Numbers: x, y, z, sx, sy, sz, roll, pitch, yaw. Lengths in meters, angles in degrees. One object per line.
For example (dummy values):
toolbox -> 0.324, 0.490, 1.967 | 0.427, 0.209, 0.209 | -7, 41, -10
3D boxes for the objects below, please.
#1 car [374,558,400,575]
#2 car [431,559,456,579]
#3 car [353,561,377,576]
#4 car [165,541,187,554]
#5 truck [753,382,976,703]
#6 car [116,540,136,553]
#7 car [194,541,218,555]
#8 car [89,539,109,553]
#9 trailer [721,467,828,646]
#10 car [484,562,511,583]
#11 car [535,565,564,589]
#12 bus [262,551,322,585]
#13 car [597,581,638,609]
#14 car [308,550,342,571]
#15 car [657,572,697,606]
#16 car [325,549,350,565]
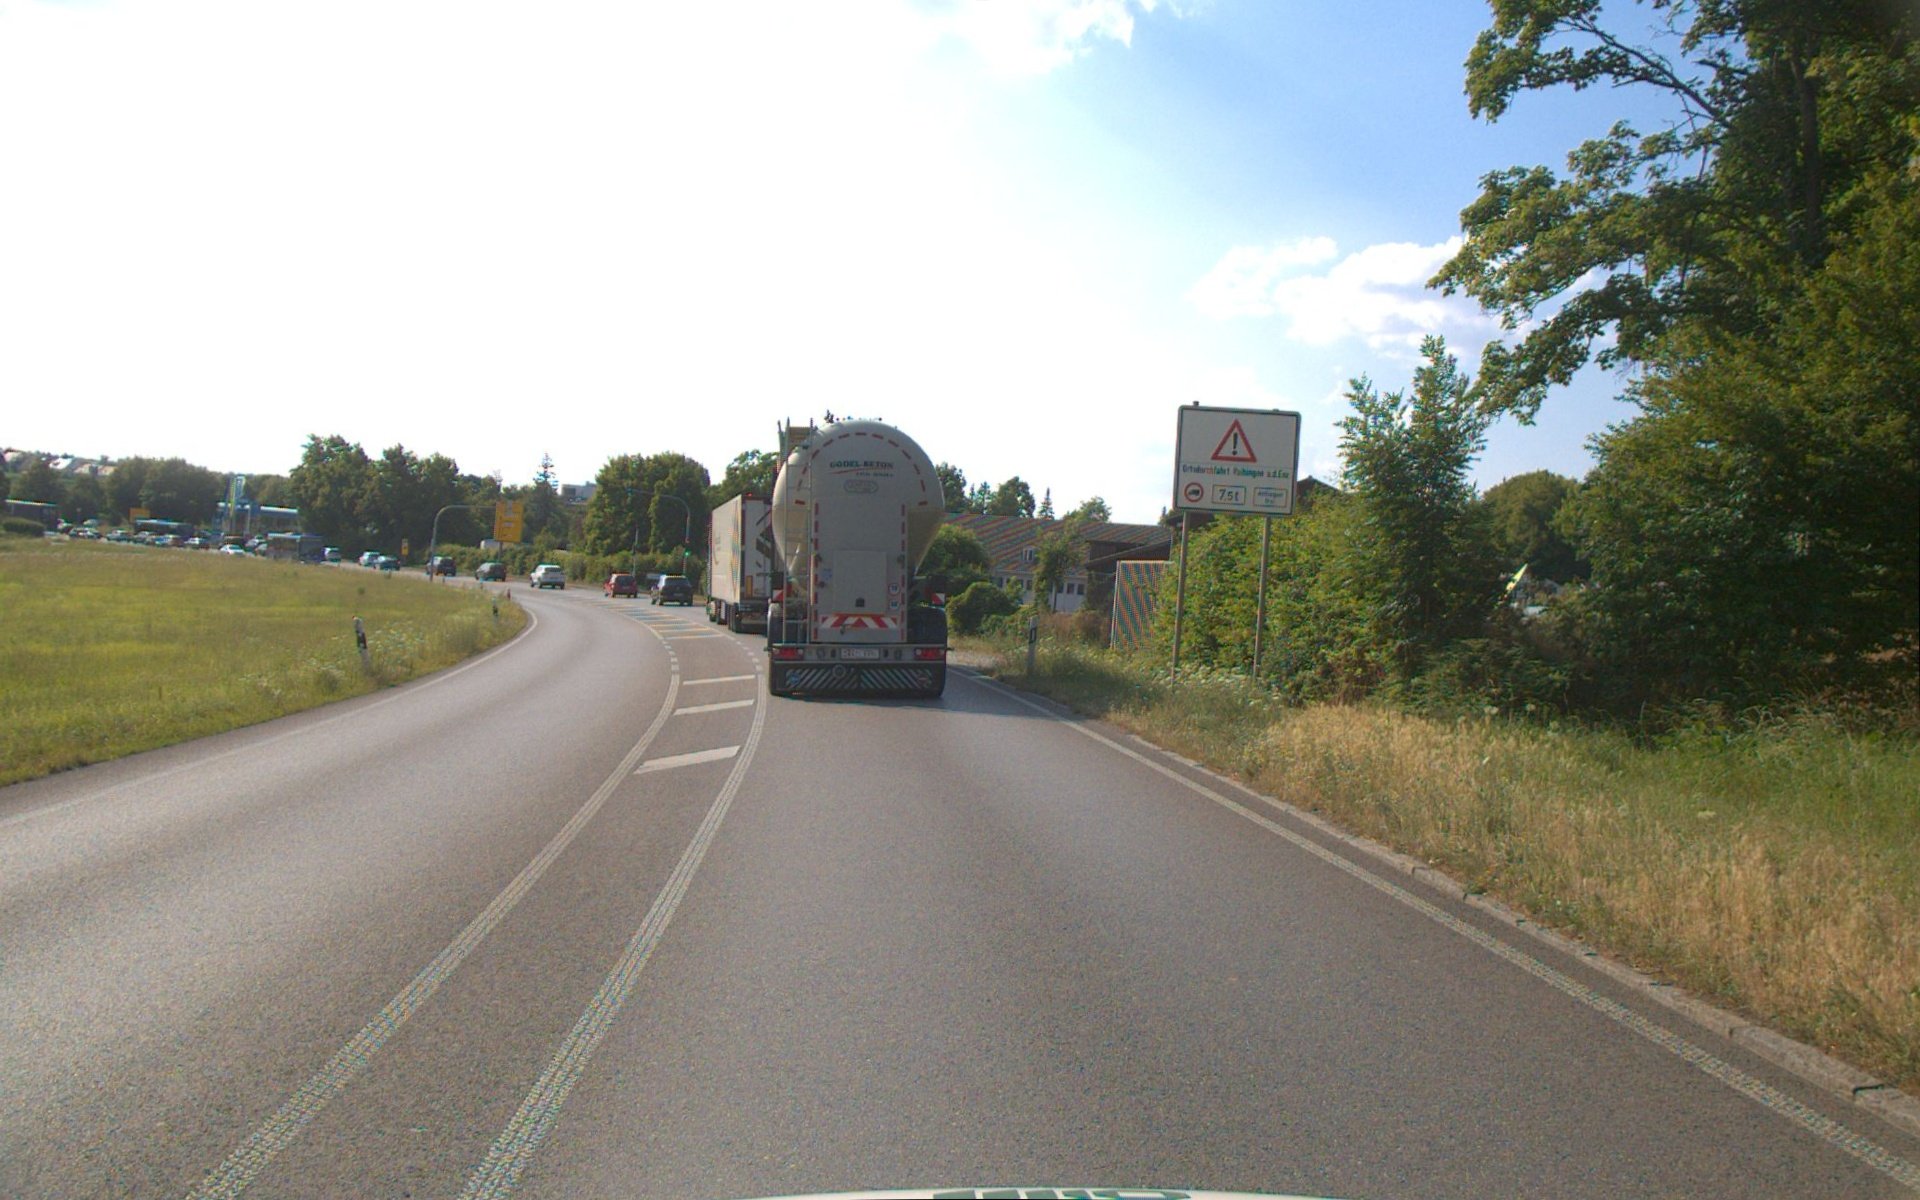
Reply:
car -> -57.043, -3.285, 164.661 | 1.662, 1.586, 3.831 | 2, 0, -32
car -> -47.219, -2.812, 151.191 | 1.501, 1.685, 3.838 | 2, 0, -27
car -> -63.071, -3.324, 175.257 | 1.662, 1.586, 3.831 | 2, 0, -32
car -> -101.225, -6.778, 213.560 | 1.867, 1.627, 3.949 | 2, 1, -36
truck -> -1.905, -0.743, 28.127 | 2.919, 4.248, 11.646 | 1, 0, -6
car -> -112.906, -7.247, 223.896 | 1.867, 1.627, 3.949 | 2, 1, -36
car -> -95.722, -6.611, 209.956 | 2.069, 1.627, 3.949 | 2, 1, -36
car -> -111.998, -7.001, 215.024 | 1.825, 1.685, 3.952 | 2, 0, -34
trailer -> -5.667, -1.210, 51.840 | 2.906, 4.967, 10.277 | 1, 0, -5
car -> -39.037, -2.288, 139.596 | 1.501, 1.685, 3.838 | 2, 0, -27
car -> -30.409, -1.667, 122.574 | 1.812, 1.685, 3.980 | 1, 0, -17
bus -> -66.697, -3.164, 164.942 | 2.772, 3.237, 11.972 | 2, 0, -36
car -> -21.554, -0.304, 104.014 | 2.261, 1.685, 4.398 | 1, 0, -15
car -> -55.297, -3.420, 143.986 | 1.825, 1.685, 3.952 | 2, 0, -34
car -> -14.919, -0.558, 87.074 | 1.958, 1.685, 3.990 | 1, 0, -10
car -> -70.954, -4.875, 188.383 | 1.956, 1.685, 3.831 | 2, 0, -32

--

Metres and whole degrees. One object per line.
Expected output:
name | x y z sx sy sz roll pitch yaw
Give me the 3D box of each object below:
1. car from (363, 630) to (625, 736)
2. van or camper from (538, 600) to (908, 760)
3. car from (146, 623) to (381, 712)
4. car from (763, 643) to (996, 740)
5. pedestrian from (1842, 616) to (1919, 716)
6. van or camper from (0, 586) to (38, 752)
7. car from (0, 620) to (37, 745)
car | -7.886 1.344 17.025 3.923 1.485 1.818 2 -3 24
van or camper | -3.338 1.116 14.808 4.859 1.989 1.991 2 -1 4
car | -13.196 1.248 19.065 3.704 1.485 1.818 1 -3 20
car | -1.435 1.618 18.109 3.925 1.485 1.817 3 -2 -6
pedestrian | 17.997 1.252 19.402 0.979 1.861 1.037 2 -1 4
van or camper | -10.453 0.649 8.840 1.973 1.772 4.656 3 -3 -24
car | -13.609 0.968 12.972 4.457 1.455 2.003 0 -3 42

WHAT IS NEEDED:
Every line above with the word "roll" is to be copied out.

RESPONSE AREA:
Numbers: x, y, z, sx, sy, sz, roll, pitch, yaw. Lengths in meters, angles in degrees. One object per line.
name | x y z sx sy sz roll pitch yaw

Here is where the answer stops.